REQUIRED WORK
Nothing but the lines below from the one that contains "picture [130, 157, 135, 172]" through the one that contains "text Soort aanvraag: aanvraag" should be retyped, exactly and including both ends. Do not include pictures.

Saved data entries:
=== Begin Enclosure ===

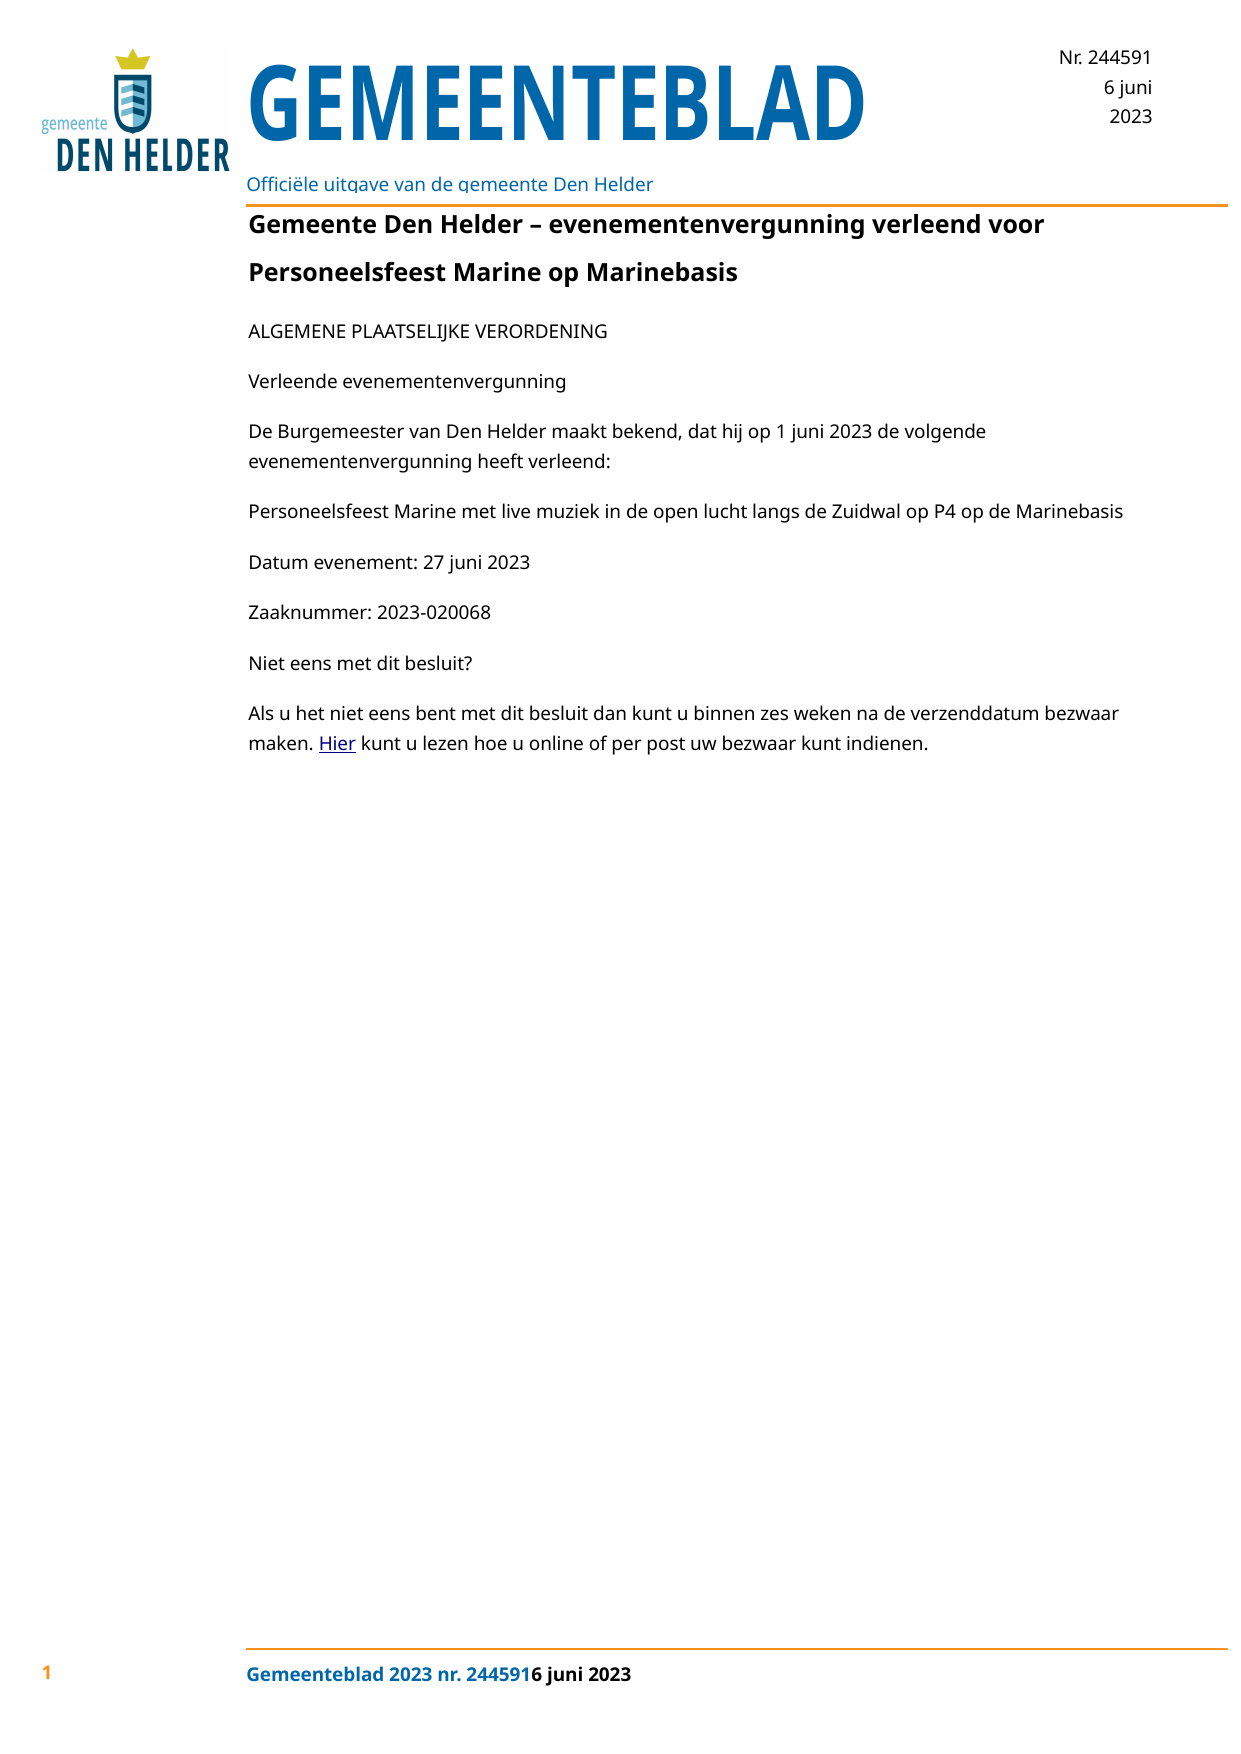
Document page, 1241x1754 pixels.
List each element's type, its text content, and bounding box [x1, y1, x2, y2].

text Zaaknummer: 2023-020068 [248, 599, 1152, 625]
text Als u het niet eens bent met dit besluit dan kunt u binnen zes weken na de verzenddatum bezwaar maken. Hier kunt u lezen hoe u online of per post uw bezwaar kunt indienen. [248, 700, 1152, 756]
text Datum evenement: 27 juni 2023 [248, 549, 1152, 575]
text ALGEMENE PLAATSELIJKE VERORDENING [248, 318, 1152, 344]
text Personeelsfeest Marine met live muziek in de open lucht langs de Zuidwal op P4 op de Marinebasis [248, 499, 1152, 524]
picture [41, 47, 231, 172]
text Niet eens met dit besluit? [248, 650, 1152, 676]
picture [100, 154, 106, 172]
picture [220, 160, 224, 172]
text Gemeente Den Helder – evenementenvergunning verleend voor Personeelsfeest Marine op Marinebasis [248, 207, 1152, 288]
picture [130, 157, 135, 172]
picture [63, 144, 68, 165]
text De Burgemeester van Den Helder maakt bekend, dat hij op 1 juni 2023 de volgende evenementenvergunning heeft verleend: [248, 419, 1152, 474]
picture [182, 144, 187, 165]
text Verleende evenementenvergunning [248, 368, 1152, 394]
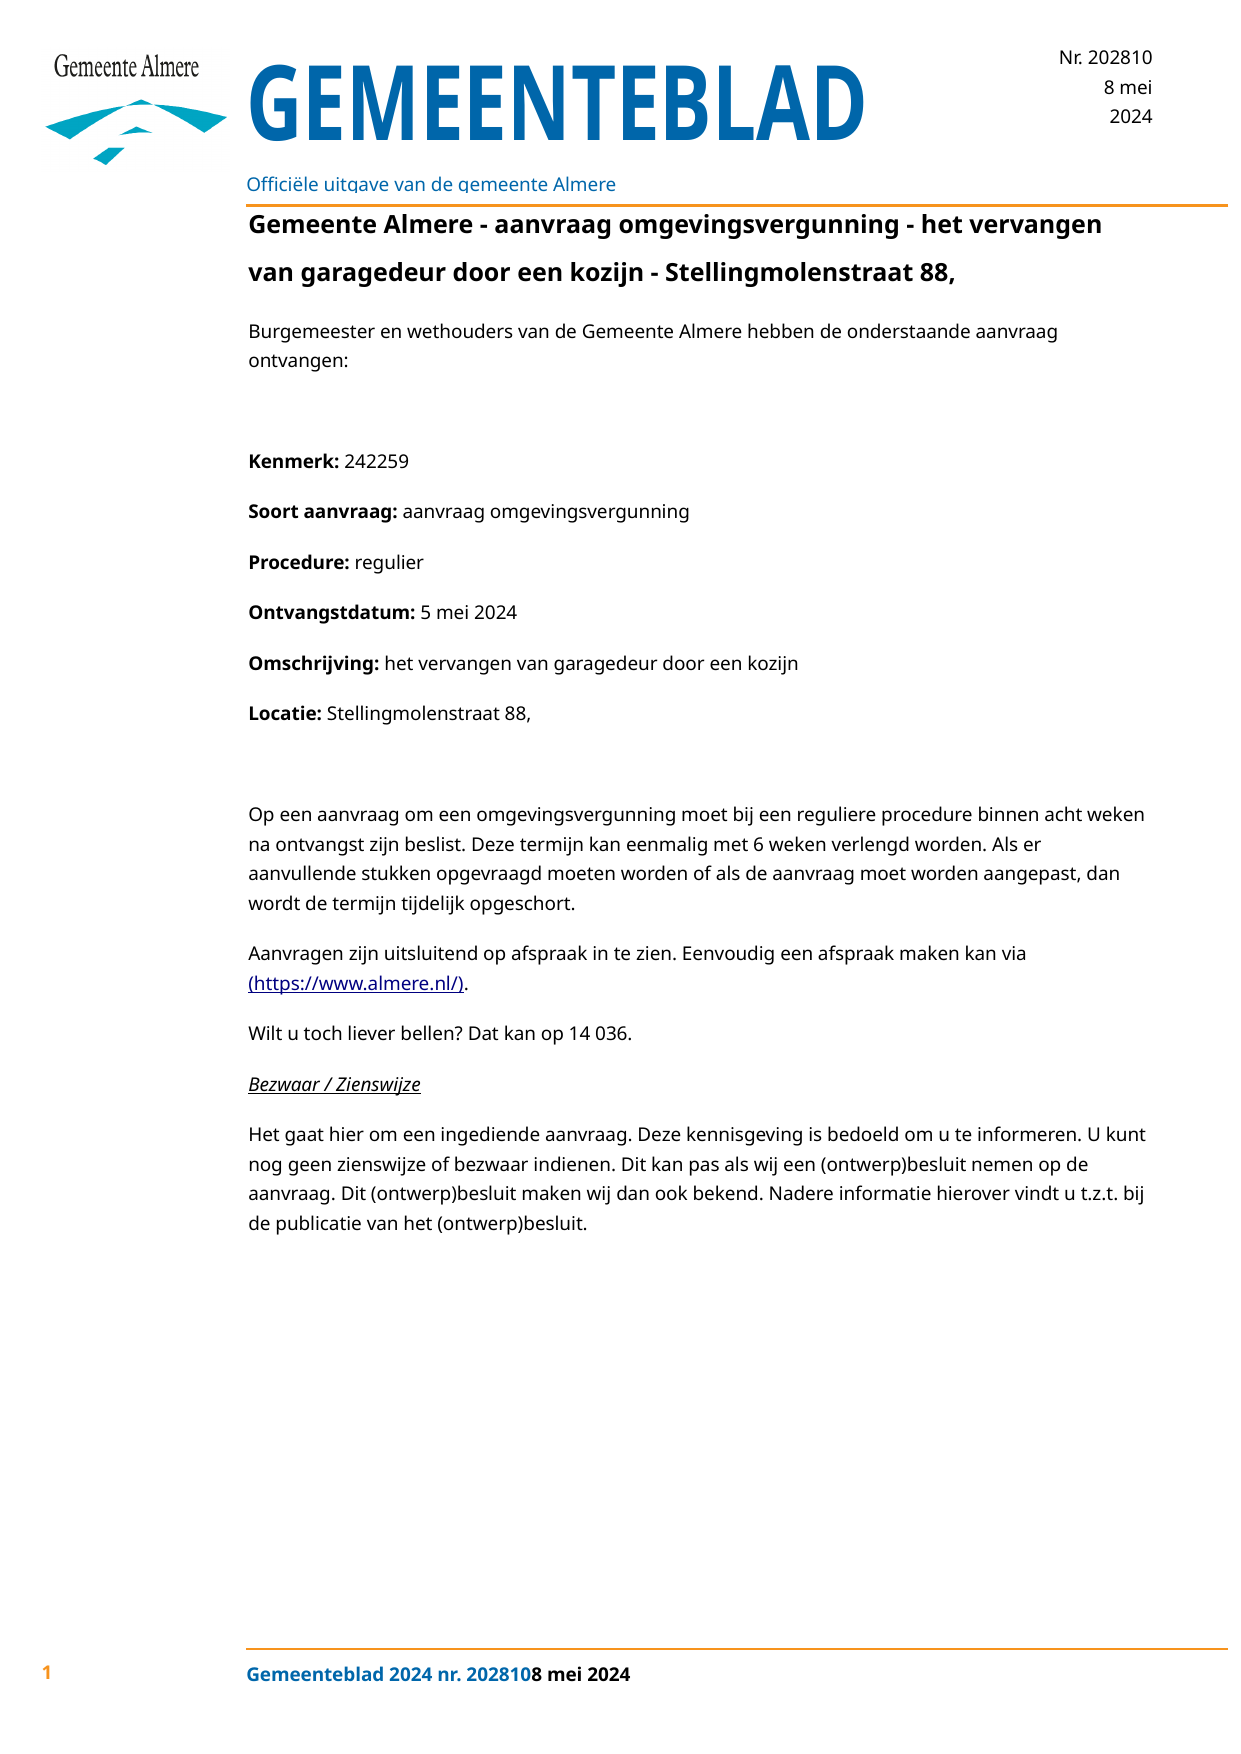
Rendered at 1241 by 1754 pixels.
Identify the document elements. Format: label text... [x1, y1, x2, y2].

text Kenmerk: 242259 [248, 448, 1152, 474]
text Soort aanvraag: aanvraag omgevingsvergunning [248, 499, 1152, 524]
text Het gaat hier om een ingediende aanvraag. Deze kennisgeving is bedoeld om u te informeren. U kunt nog geen zienswijze of bezwaar indienen. Dit kan pas als wij een (ontwerp)besluit nemen op de aanvraag. Dit (ontwerp)besluit maken wij dan ook bekend. Nadere informatie hierover vindt u t.z.t. bij de publicatie van het (ontwerp)besluit. [248, 1121, 1152, 1236]
text Omschrijving: het vervangen van garagedeur door een kozijn [248, 650, 1152, 676]
text Burgemeester en wethouders van de Gemeente Almere hebben de onderstaande aanvraag ontvangen: [248, 318, 1152, 373]
text Aanvragen zijn uitsluitend op afspraak in te zien. Eenvoudig een afspraak maken kan via (https://www.almere.nl/). [248, 940, 1152, 996]
picture [41, 47, 231, 172]
text Op een aanvraag om een omgevingsvergunning moet bij een reguliere procedure binnen acht weken na ontvangst zijn beslist. Deze termijn kan eenmalig met 6 weken verlengd worden. Als er aanvullende stukken opgevraagd moeten worden of als de aanvraag moet worden aangepast, dan wordt de termijn tijdelijk opgeschort. [248, 801, 1152, 916]
text Bezwaar / Zienswijze [248, 1071, 1152, 1097]
text Locatie: Stellingmolenstraat 88, [248, 700, 1152, 726]
text Gemeente Almere - aanvraag omgevingsvergunning - het vervangen van garagedeur door een kozijn - Stellingmolenstraat 88, [248, 207, 1152, 288]
text Ontvangstdatum: 5 mei 2024 [248, 599, 1152, 625]
text Wilt u toch liever bellen? Dat kan op 14 036. [248, 1020, 1152, 1046]
text Procedure: regulier [248, 549, 1152, 575]

=== End Enclosure ===

RESPONSE TO THIS EXERCISE
picture [130, 157, 135, 172]
picture [63, 144, 68, 165]
text De Burgemeester van Den Helder maakt bekend, dat hij op 1 juni 2023 de volgende evenementenvergunning heeft verleend: [248, 419, 1152, 474]
picture [182, 144, 187, 165]
text Verleende evenementenvergunning [248, 368, 1152, 394]
Rendered at 1241 by 1754 pixels.
Identify the document elements. Format: label text... [x1, y1, x2, y2].

text Kenmerk: 242259 [248, 448, 1152, 474]
text Soort aanvraag: aanvraag omgevingsvergunning [248, 499, 1152, 524]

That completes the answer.